Index Nav: [Date Index] [Subject Index] [Author Index] [Thread Index]
Message Nav: [Date Prev] [Date Next] [Thread Prev] [Thread Next]
Other format: [Raw text]

Re: [PATCH] Fix sleb128 encoding for difference expressions


Hi,

This is a more conservative version of the patch, which *only* affects
assembly of .sleb128 directives.

On Mon, 12 Nov 2012 08:01:48 +0000
Jan Beulich <JBeulich@suse.com> wrote:

> >>> On 09.11.12 at 18:57, Julian Brown <julian@codesourcery.com>
> >>> wrote:
> > On Thu, 8 Nov 2012 14:02:19 +0000 Jan Beulich <JBeulich@suse.com>
> > wrote:
> >> >>> On 08.11.12 at 14:05, Julian Brown <julian@codesourcery.com>
> >> I could see your change being correct for the <symbol> -
> >> <symbol> case, but certainly not for <constant> - <constant>
> >> (<symbol> - <constant> being questionable).
> > 
> > I'm not sure I understand this comment. Note that <constant> -
> > <constant> is just as broken at the moment for .sleb128...
> 
> It may be as broken, but that's not my point. The point is that,
> without type information, there's no way for you to guess whether
> a difference between constants in particular (but possibly not
> limited to this) is meant to be signed or unsigned, as you can't
> guess whether or not the programmer intended to make use of
> wraparound (I assume you realize that one can detect the
> width the assembler uses for calculations, and adjust code - e.g.
> through macros - accordingly).

I see. I understand your concern, and agree that breaking wraparound
semantics for most assembled constants would be a bad thing -- but I'd
strongly contest that the current semantics for overflowed numbers
with .sleb128 are useful for anything at all, and (at least this new
version of) my patch doesn't affect anything else.
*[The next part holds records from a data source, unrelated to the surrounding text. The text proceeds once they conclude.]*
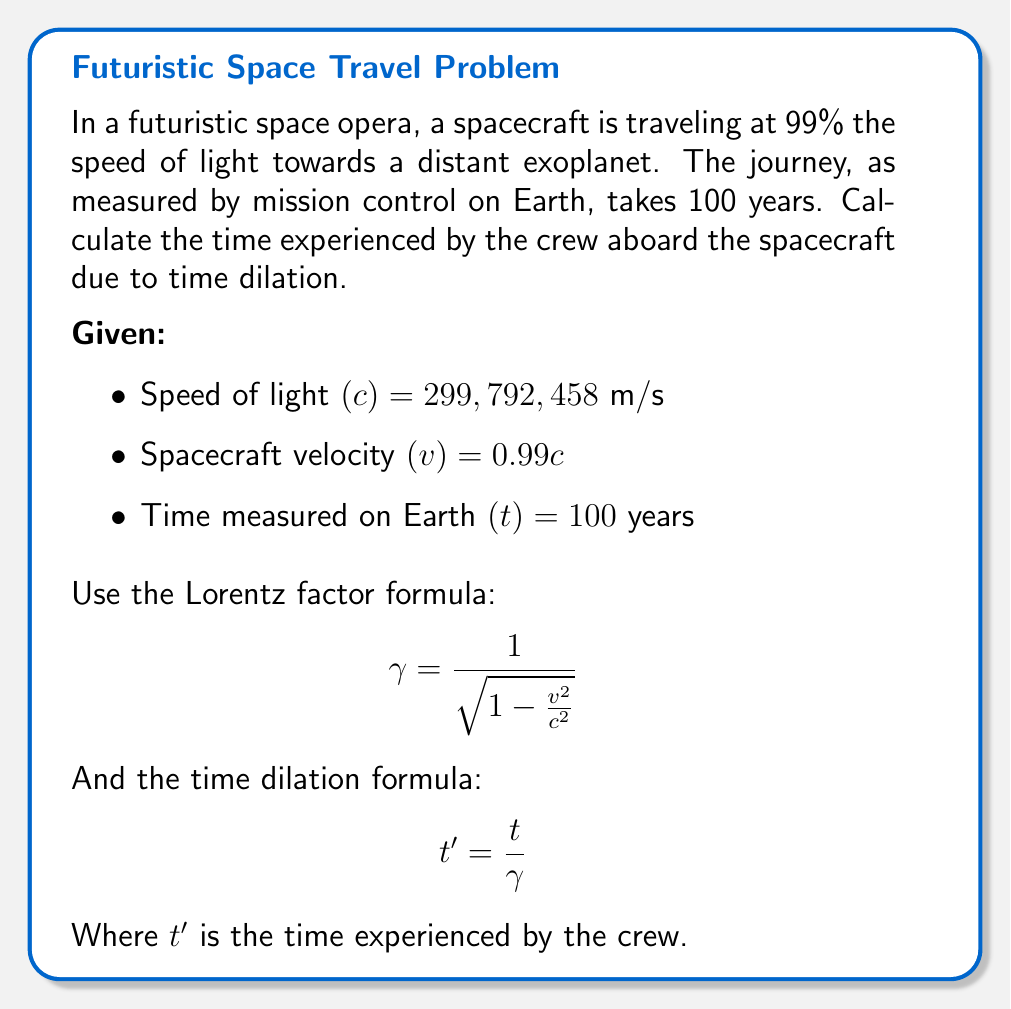Help me with this question. 1. Calculate the Lorentz factor ($\gamma$):
   $$\gamma = \frac{1}{\sqrt{1 - \frac{v^2}{c^2}}} = \frac{1}{\sqrt{1 - \frac{(0.99c)^2}{c^2}}} = \frac{1}{\sqrt{1 - 0.99^2}} \approx 7.0888$$

2. Use the time dilation formula to calculate the time experienced by the crew:
   $$t' = \frac{t}{\gamma} = \frac{100 \text{ years}}{7.0888} \approx 14.1068 \text{ years}$$

3. Round the result to two decimal places:
   $14.11$ years

The crew experiences significantly less time due to relativistic effects, demonstrating the dramatic impact of time dilation at speeds approaching the speed of light.
Answer: 14.11 years

> So before proposing any solutions, I think you first need to
> propose a scheme how things are intended to work. That's
> particularly being complicated by the fact that .sleb128 can
> encode arbitrarily large numbers, whereas calculations are
> being done at fixed widths (i.e. you specifically can't use the top
> bit of a number to tell its signed-ness - that's why I believe the
> X_unsigned flag got introduced in the first place).

The semantics introduced by my patch are quite simple in fact:

* Most assembled values (apart from the arguments of .sleb128
  directives) are left alone.

* Expressions involving + and - are evaluated using an extra bit:
  signedness or unsignedness is irrelevant at this stage, since we're
  using two's-complement binary, so only the interpretation of the bits
  matters, not the operations themselves [*].

* Operands (symbols, constants) are positive word-sized values (i.e.
  they have the "extra bit" clear).

* Unary negation operates on all bits of the value, including the extra
  bit.

* Arguments of .sleb128 directives are always sign-extended, using the
  new extra bit (i.e. the "word size + 1 bit" value is sign-extended).

Ideally .sleb128 expressions would be evaluated in arbitrary precision,
but that's just not practical as the code is currently written, and
would probably be overkill in general anyway. My patch, providing just a
little more precision where necessary, ought to cover all useful cases.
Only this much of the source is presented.